June 11, 2008
Delaware

State looks at buying Bluewater electricity; Municipalities may take more, too

Delaware officials are exploring whether the state can join in the purchase of power from a proposed Bluewater Wind offshore farm and help coax Bluewater and Delmarva Power closer to a long-term contract.

Delmarva has resisted a 25-year contract endorsed by a state arbitrator that would require it to buy about a quarter of its electricity from Bluewater’s wind farm. Delmarva has said the proposed contract makes its customers buy too much electricity at too high a cost and wants the financial burden spread among more buyers.
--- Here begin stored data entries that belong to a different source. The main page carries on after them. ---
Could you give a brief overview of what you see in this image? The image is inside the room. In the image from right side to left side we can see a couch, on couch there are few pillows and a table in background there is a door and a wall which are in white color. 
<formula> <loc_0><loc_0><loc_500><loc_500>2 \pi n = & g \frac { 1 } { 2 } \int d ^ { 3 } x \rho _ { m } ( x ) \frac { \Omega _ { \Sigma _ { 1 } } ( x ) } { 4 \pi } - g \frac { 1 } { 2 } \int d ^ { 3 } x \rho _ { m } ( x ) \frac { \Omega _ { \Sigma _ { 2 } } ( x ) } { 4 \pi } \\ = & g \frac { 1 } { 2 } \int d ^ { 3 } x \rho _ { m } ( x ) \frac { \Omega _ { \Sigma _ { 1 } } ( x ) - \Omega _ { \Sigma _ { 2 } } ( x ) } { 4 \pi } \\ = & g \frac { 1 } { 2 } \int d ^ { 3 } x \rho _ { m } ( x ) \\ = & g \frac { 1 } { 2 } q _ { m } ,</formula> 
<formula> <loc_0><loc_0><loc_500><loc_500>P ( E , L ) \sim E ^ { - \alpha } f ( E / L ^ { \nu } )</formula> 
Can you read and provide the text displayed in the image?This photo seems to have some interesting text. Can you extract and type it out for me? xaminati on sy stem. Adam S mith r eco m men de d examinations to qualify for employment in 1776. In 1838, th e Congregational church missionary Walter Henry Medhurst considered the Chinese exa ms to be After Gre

So the utility is negotiating with Bluewater, a subsidiary of Babcock and Brown, to reduce the size of its proposed purchase. Bluewater has said it needs a contract of a certain size to make its project cost-effective, warning that as its project shrinks, the price of its electricity would go up.

In private negotiations, Senate Majority Leader Anthony DeLuca, D-Newark, has been pressing for a compromise that would bring in other buyers to help make the project work.
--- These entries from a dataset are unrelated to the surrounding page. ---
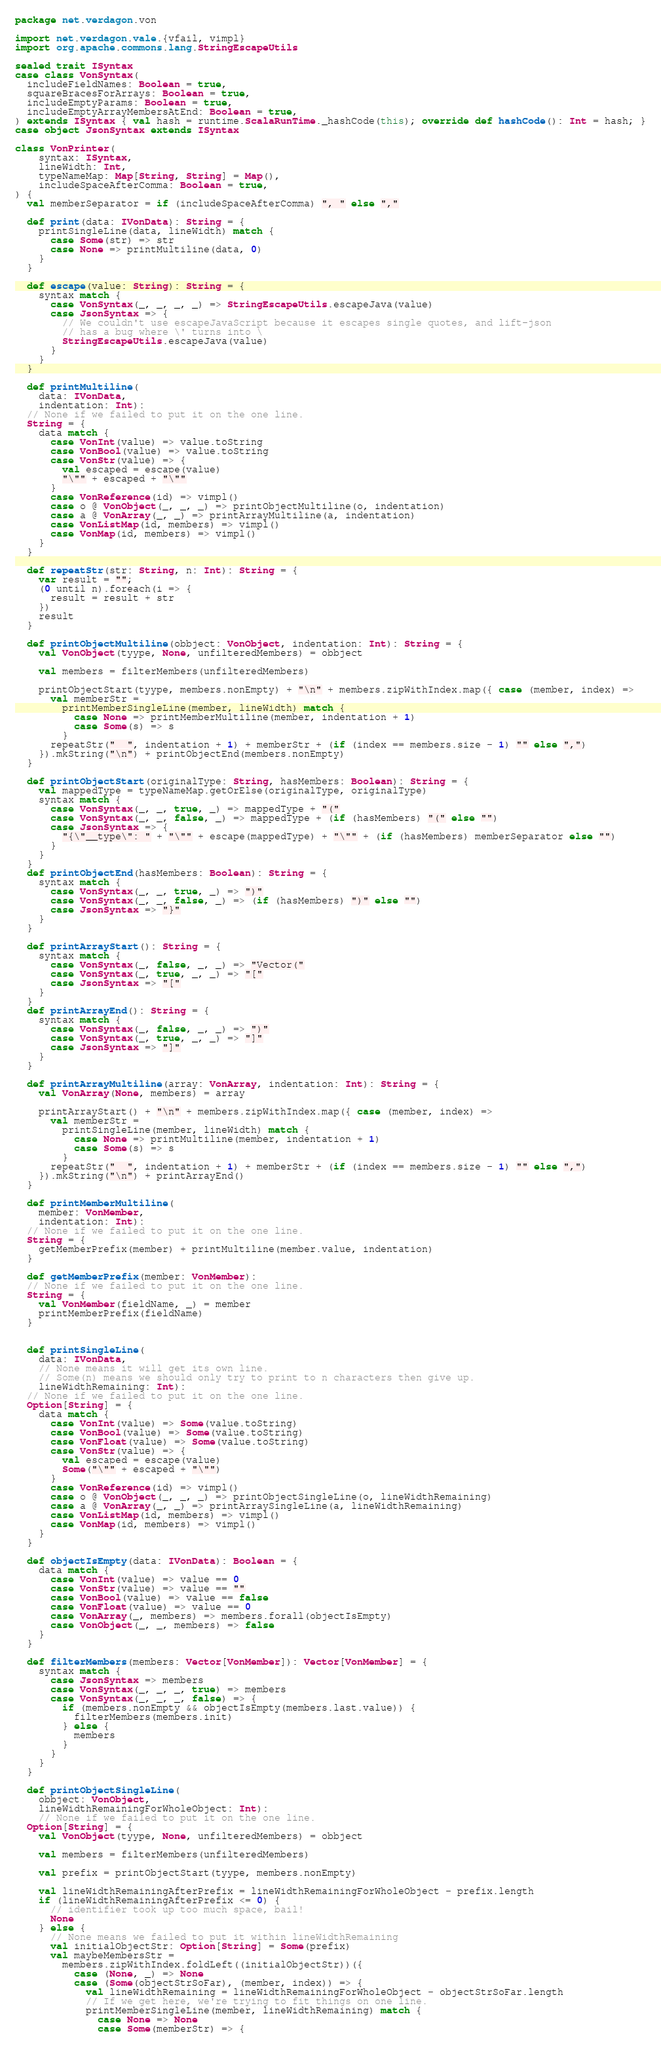Convert code to text. <code><loc_0><loc_0><loc_500><loc_500><_Scala_>package net.verdagon.von

import net.verdagon.vale.{vfail, vimpl}
import org.apache.commons.lang.StringEscapeUtils

sealed trait ISyntax
case class VonSyntax(
  includeFieldNames: Boolean = true,
  squareBracesForArrays: Boolean = true,
  includeEmptyParams: Boolean = true,
  includeEmptyArrayMembersAtEnd: Boolean = true,
) extends ISyntax { val hash = runtime.ScalaRunTime._hashCode(this); override def hashCode(): Int = hash; }
case object JsonSyntax extends ISyntax

class VonPrinter(
    syntax: ISyntax,
    lineWidth: Int,
    typeNameMap: Map[String, String] = Map(),
    includeSpaceAfterComma: Boolean = true,
) {
  val memberSeparator = if (includeSpaceAfterComma) ", " else ","

  def print(data: IVonData): String = {
    printSingleLine(data, lineWidth) match {
      case Some(str) => str
      case None => printMultiline(data, 0)
    }
  }

  def escape(value: String): String = {
    syntax match {
      case VonSyntax(_, _, _, _) => StringEscapeUtils.escapeJava(value)
      case JsonSyntax => {
        // We couldn't use escapeJavaScript because it escapes single quotes, and lift-json
        // has a bug where \' turns into \
        StringEscapeUtils.escapeJava(value)
      }
    }
  }

  def printMultiline(
    data: IVonData,
    indentation: Int):
  // None if we failed to put it on the one line.
  String = {
    data match {
      case VonInt(value) => value.toString
      case VonBool(value) => value.toString
      case VonStr(value) => {
        val escaped = escape(value)
        "\"" + escaped + "\""
      }
      case VonReference(id) => vimpl()
      case o @ VonObject(_, _, _) => printObjectMultiline(o, indentation)
      case a @ VonArray(_, _) => printArrayMultiline(a, indentation)
      case VonListMap(id, members) => vimpl()
      case VonMap(id, members) => vimpl()
    }
  }

  def repeatStr(str: String, n: Int): String = {
    var result = "";
    (0 until n).foreach(i => {
      result = result + str
    })
    result
  }

  def printObjectMultiline(obbject: VonObject, indentation: Int): String = {
    val VonObject(tyype, None, unfilteredMembers) = obbject

    val members = filterMembers(unfilteredMembers)

    printObjectStart(tyype, members.nonEmpty) + "\n" + members.zipWithIndex.map({ case (member, index) =>
      val memberStr =
        printMemberSingleLine(member, lineWidth) match {
          case None => printMemberMultiline(member, indentation + 1)
          case Some(s) => s
        }
      repeatStr("  ", indentation + 1) + memberStr + (if (index == members.size - 1) "" else ",")
    }).mkString("\n") + printObjectEnd(members.nonEmpty)
  }

  def printObjectStart(originalType: String, hasMembers: Boolean): String = {
    val mappedType = typeNameMap.getOrElse(originalType, originalType)
    syntax match {
      case VonSyntax(_, _, true, _) => mappedType + "("
      case VonSyntax(_, _, false, _) => mappedType + (if (hasMembers) "(" else "")
      case JsonSyntax => {
        "{\"__type\": " + "\"" + escape(mappedType) + "\"" + (if (hasMembers) memberSeparator else "")
      }
    }
  }
  def printObjectEnd(hasMembers: Boolean): String = {
    syntax match {
      case VonSyntax(_, _, true, _) => ")"
      case VonSyntax(_, _, false, _) => (if (hasMembers) ")" else "")
      case JsonSyntax => "}"
    }
  }

  def printArrayStart(): String = {
    syntax match {
      case VonSyntax(_, false, _, _) => "Vector("
      case VonSyntax(_, true, _, _) => "["
      case JsonSyntax => "["
    }
  }
  def printArrayEnd(): String = {
    syntax match {
      case VonSyntax(_, false, _, _) => ")"
      case VonSyntax(_, true, _, _) => "]"
      case JsonSyntax => "]"
    }
  }

  def printArrayMultiline(array: VonArray, indentation: Int): String = {
    val VonArray(None, members) = array

    printArrayStart() + "\n" + members.zipWithIndex.map({ case (member, index) =>
      val memberStr =
        printSingleLine(member, lineWidth) match {
          case None => printMultiline(member, indentation + 1)
          case Some(s) => s
        }
      repeatStr("  ", indentation + 1) + memberStr + (if (index == members.size - 1) "" else ",")
    }).mkString("\n") + printArrayEnd()
  }

  def printMemberMultiline(
    member: VonMember,
    indentation: Int):
  // None if we failed to put it on the one line.
  String = {
    getMemberPrefix(member) + printMultiline(member.value, indentation)
  }

  def getMemberPrefix(member: VonMember):
  // None if we failed to put it on the one line.
  String = {
    val VonMember(fieldName, _) = member
    printMemberPrefix(fieldName)
  }


  def printSingleLine(
    data: IVonData,
    // None means it will get its own line.
    // Some(n) means we should only try to print to n characters then give up.
    lineWidthRemaining: Int):
  // None if we failed to put it on the one line.
  Option[String] = {
    data match {
      case VonInt(value) => Some(value.toString)
      case VonBool(value) => Some(value.toString)
      case VonFloat(value) => Some(value.toString)
      case VonStr(value) => {
        val escaped = escape(value)
        Some("\"" + escaped + "\"")
      }
      case VonReference(id) => vimpl()
      case o @ VonObject(_, _, _) => printObjectSingleLine(o, lineWidthRemaining)
      case a @ VonArray(_, _) => printArraySingleLine(a, lineWidthRemaining)
      case VonListMap(id, members) => vimpl()
      case VonMap(id, members) => vimpl()
    }
  }

  def objectIsEmpty(data: IVonData): Boolean = {
    data match {
      case VonInt(value) => value == 0
      case VonStr(value) => value == ""
      case VonBool(value) => value == false
      case VonFloat(value) => value == 0
      case VonArray(_, members) => members.forall(objectIsEmpty)
      case VonObject(_, _, members) => false
    }
  }

  def filterMembers(members: Vector[VonMember]): Vector[VonMember] = {
    syntax match {
      case JsonSyntax => members
      case VonSyntax(_, _, _, true) => members
      case VonSyntax(_, _, _, false) => {
        if (members.nonEmpty && objectIsEmpty(members.last.value)) {
          filterMembers(members.init)
        } else {
          members
        }
      }
    }
  }

  def printObjectSingleLine(
    obbject: VonObject,
    lineWidthRemainingForWholeObject: Int):
    // None if we failed to put it on the one line.
  Option[String] = {
    val VonObject(tyype, None, unfilteredMembers) = obbject

    val members = filterMembers(unfilteredMembers)

    val prefix = printObjectStart(tyype, members.nonEmpty)

    val lineWidthRemainingAfterPrefix = lineWidthRemainingForWholeObject - prefix.length
    if (lineWidthRemainingAfterPrefix <= 0) {
      // identifier took up too much space, bail!
      None
    } else {
      // None means we failed to put it within lineWidthRemaining
      val initialObjectStr: Option[String] = Some(prefix)
      val maybeMembersStr =
        members.zipWithIndex.foldLeft((initialObjectStr))({
          case (None, _) => None
          case (Some(objectStrSoFar), (member, index)) => {
            val lineWidthRemaining = lineWidthRemainingForWholeObject - objectStrSoFar.length
            // If we get here, we're trying to fit things on one line.
            printMemberSingleLine(member, lineWidthRemaining) match {
              case None => None
              case Some(memberStr) => {</code> 
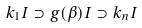Convert formula to latex. <formula><loc_0><loc_0><loc_500><loc_500>k _ { 1 } I \supset g ( \beta ) I \supset k _ { n } I</formula> 
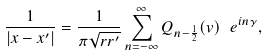Convert formula to latex. <formula><loc_0><loc_0><loc_500><loc_500>\frac { 1 } { | x - x ^ { \prime } | } = \frac { 1 } { \pi \sqrt { r r ^ { \prime } } } \sum _ { n = - \infty } ^ { \infty } Q _ { n - \frac { 1 } { 2 } } ( v ) \ e ^ { i n \gamma } ,</formula>

The Delaware Municipal Electric Corporation, which represents nine local government utilities, is considering an increase in the amount of electricity it would buy from Bluewater under a separate contract. A state purchase would add another piece to the puzzle, officials say.

“What really needs to happen here – there has to be a core, there has to be some start to this project,” said Patrick McCullar, the municipal electric corporation’s president. “Once that core begins, then many interested parties are going to come in and start taking pieces and grow the project.”

The state could be one of those customers, said Jennifer Davis, director of the Office of Management and Budget, on Tuesday.

The state buys power from the city of Dover for its buildings in that city. But to cover buildings in the Delmarva service area, Delaware has contracts totaling 213,000 megawatt hours with Pepco Energy Services, Constellation New Energy and Amerada Hess.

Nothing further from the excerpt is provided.